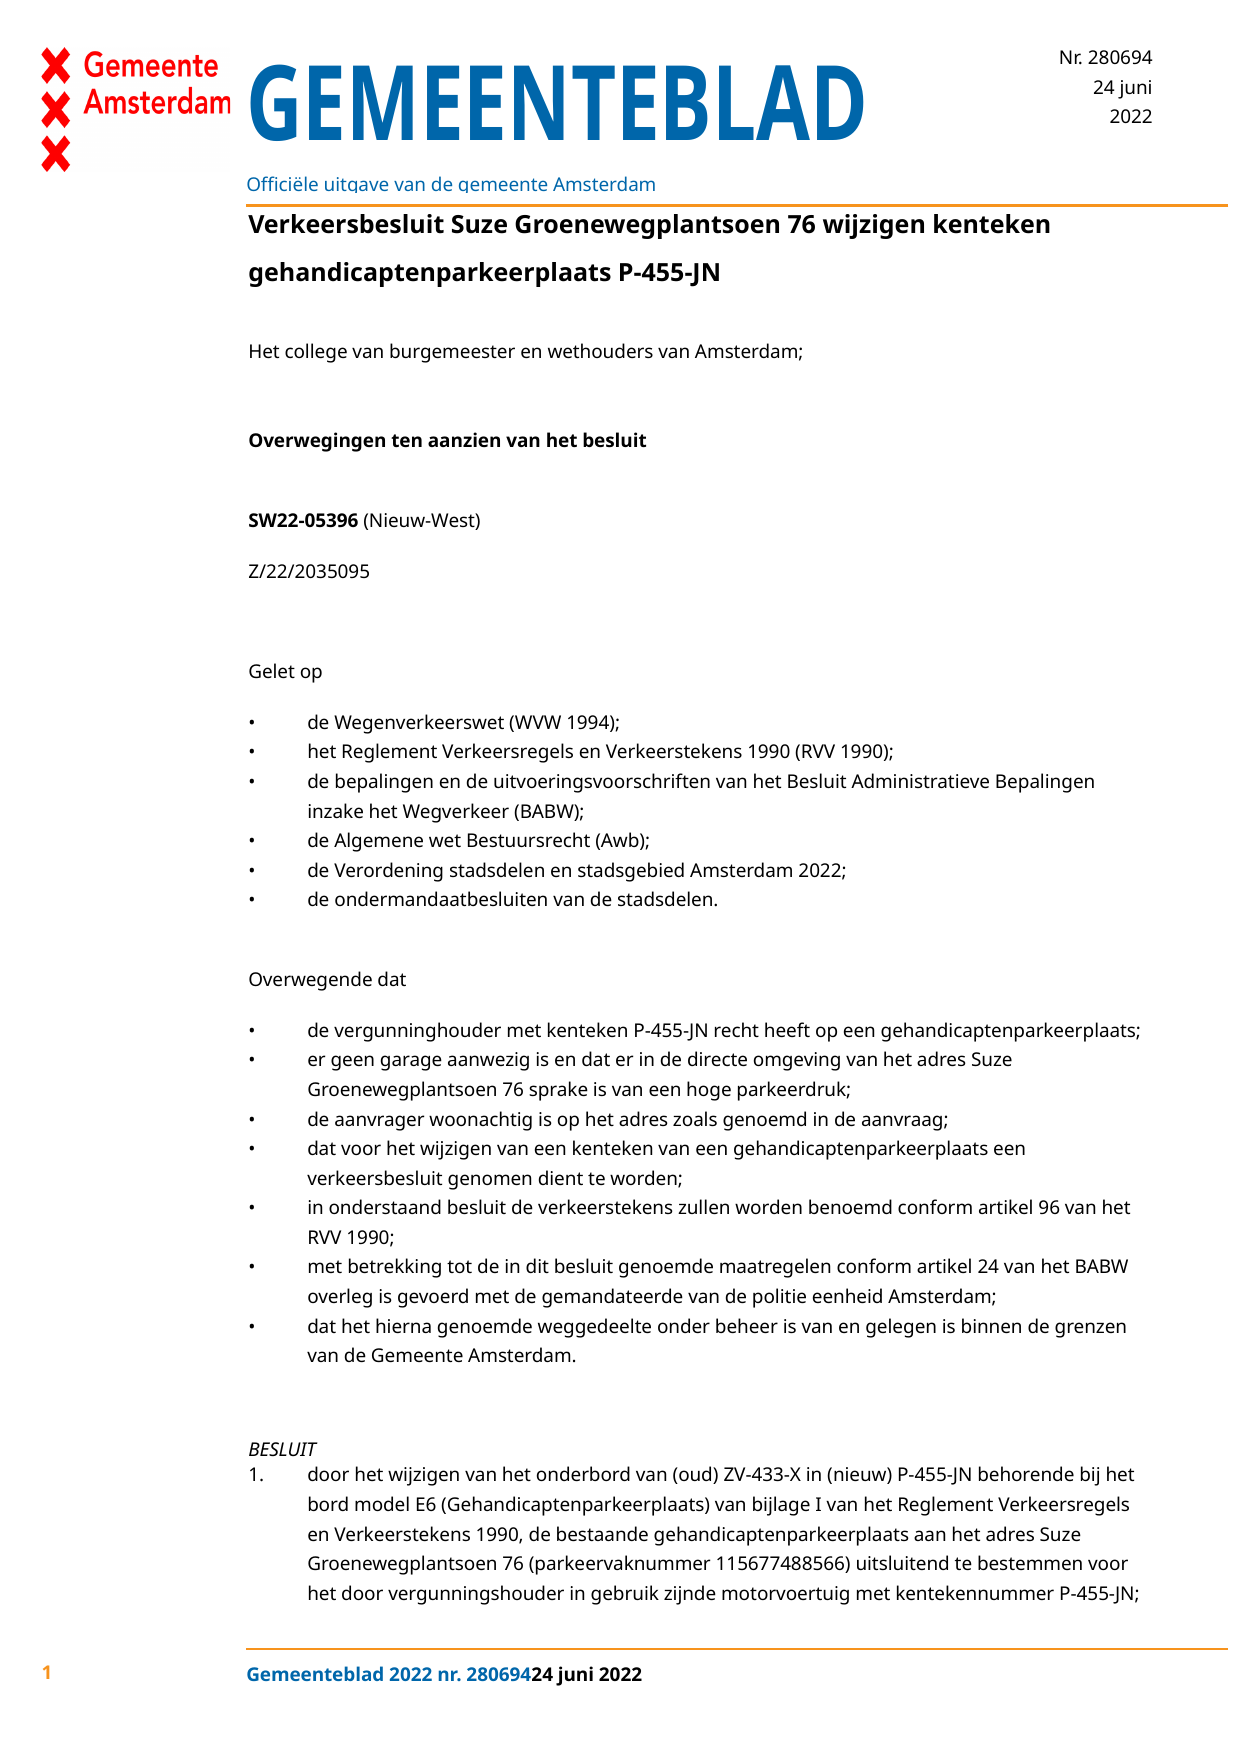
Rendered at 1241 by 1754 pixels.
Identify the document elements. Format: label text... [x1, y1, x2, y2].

list door het wijzigen van het onderbord van (oud) ZV-433-X in (nieuw) P-455-JN behorende bij het bord model E6 (Gehandicaptenparkeerplaats) van bijlage I van het Reglement Verkeersregels en Verkeerstekens 1990, de bestaande gehandicaptenparkeerplaats aan het adres Suze Groenewegplantsoen 76 (parkeervaknummer 115677488566) uitsluitend te bestemmen voor het door vergunningshouder in gebruik zijnde motorvoertuig met kentekennummer P-455-JN; [248, 1462, 1152, 1606]
list de ondermandaatbesluiten van de stadsdelen. [248, 887, 1152, 912]
list de Verordening stadsdelen en stadsgebied Amsterdam 2022; [248, 857, 1152, 883]
list de vergunninghouder met kenteken P-455-JN recht heeft op een gehandicaptenparkeerplaats; [248, 1017, 1152, 1043]
list de Algemene wet Bestuursrecht (Awb); [248, 827, 1152, 853]
list met betrekking tot de in dit besluit genoemde maatregelen conform artikel 24 van het BABW overleg is gevoerd met de gemandateerde van de politie eenheid Amsterdam; [248, 1254, 1152, 1309]
text Overwegende dat [248, 967, 1152, 992]
text Overwegingen ten aanzien van het besluit [248, 427, 1152, 453]
list de aanvrager woonachtig is op het adres zoals genoemd in de aanvraag; [248, 1106, 1152, 1131]
list het Reglement Verkeersregels en Verkeerstekens 1990 (RVV 1990); [248, 739, 1152, 764]
text BESLUIT [248, 1436, 1152, 1462]
list de Wegenverkeerswet (WVW 1994); [248, 709, 1152, 735]
list de bepalingen en de uitvoeringsvoorschriften van het Besluit Administratieve Bepalingen inzake het Wegverkeer (BABW); [248, 768, 1152, 823]
text Z/22/2035095 [248, 558, 1152, 583]
text Verkeersbesluit Suze Groenewegplantsoen 76 wijzigen kenteken gehandicaptenparkeerplaats P-455-JN [248, 207, 1152, 288]
list dat het hierna genoemde weggedeelte onder beheer is van en gelegen is binnen de grenzen van de Gemeente Amsterdam. [248, 1313, 1152, 1368]
list in onderstaand besluit de verkeerstekens zullen worden benoemd conform artikel 96 van het RVV 1990; [248, 1194, 1152, 1250]
text Het college van burgemeester en wethouders van Amsterdam; [248, 339, 1152, 364]
text SW22-05396 (Nieuw-West) [248, 507, 1152, 533]
picture [41, 47, 231, 172]
list dat voor het wijzigen van een kenteken van een gehandicaptenparkeerplaats een verkeersbesluit genomen dient te worden; [248, 1135, 1152, 1191]
list er geen garage aanwezig is en dat er in de directe omgeving van het adres Suze Groenewegplantsoen 76 sprake is van een hoge parkeerdruk; [248, 1047, 1152, 1102]
text Gelet op [248, 659, 1152, 684]

+++

Print exactly the lines from the first line of the records above through the line containing "text Z/22/2035095 [248, 558, 1152, 583]", leaving out the pictures.

→ **Task response**:
Rendered at 1241 by 1754 pixels.
Identify the document elements. Format: label text... [x1, y1, x2, y2].

list door het wijzigen van het onderbord van (oud) ZV-433-X in (nieuw) P-455-JN behorende bij het bord model E6 (Gehandicaptenparkeerplaats) van bijlage I van het Reglement Verkeersregels en Verkeerstekens 1990, de bestaande gehandicaptenparkeerplaats aan het adres Suze Groenewegplantsoen 76 (parkeervaknummer 115677488566) uitsluitend te bestemmen voor het door vergunningshouder in gebruik zijnde motorvoertuig met kentekennummer P-455-JN; [248, 1462, 1152, 1606]
list de ondermandaatbesluiten van de stadsdelen. [248, 887, 1152, 912]
list de Verordening stadsdelen en stadsgebied Amsterdam 2022; [248, 857, 1152, 883]
list de vergunninghouder met kenteken P-455-JN recht heeft op een gehandicaptenparkeerplaats; [248, 1017, 1152, 1043]
list de Algemene wet Bestuursrecht (Awb); [248, 827, 1152, 853]
list met betrekking tot de in dit besluit genoemde maatregelen conform artikel 24 van het BABW overleg is gevoerd met de gemandateerde van de politie eenheid Amsterdam; [248, 1254, 1152, 1309]
text Overwegende dat [248, 967, 1152, 992]
text Overwegingen ten aanzien van het besluit [248, 427, 1152, 453]
list de aanvrager woonachtig is op het adres zoals genoemd in de aanvraag; [248, 1106, 1152, 1131]
list het Reglement Verkeersregels en Verkeerstekens 1990 (RVV 1990); [248, 739, 1152, 764]
text BESLUIT [248, 1436, 1152, 1462]
list de Wegenverkeerswet (WVW 1994); [248, 709, 1152, 735]
list de bepalingen en de uitvoeringsvoorschriften van het Besluit Administratieve Bepalingen inzake het Wegverkeer (BABW); [248, 768, 1152, 823]
text Z/22/2035095 [248, 558, 1152, 583]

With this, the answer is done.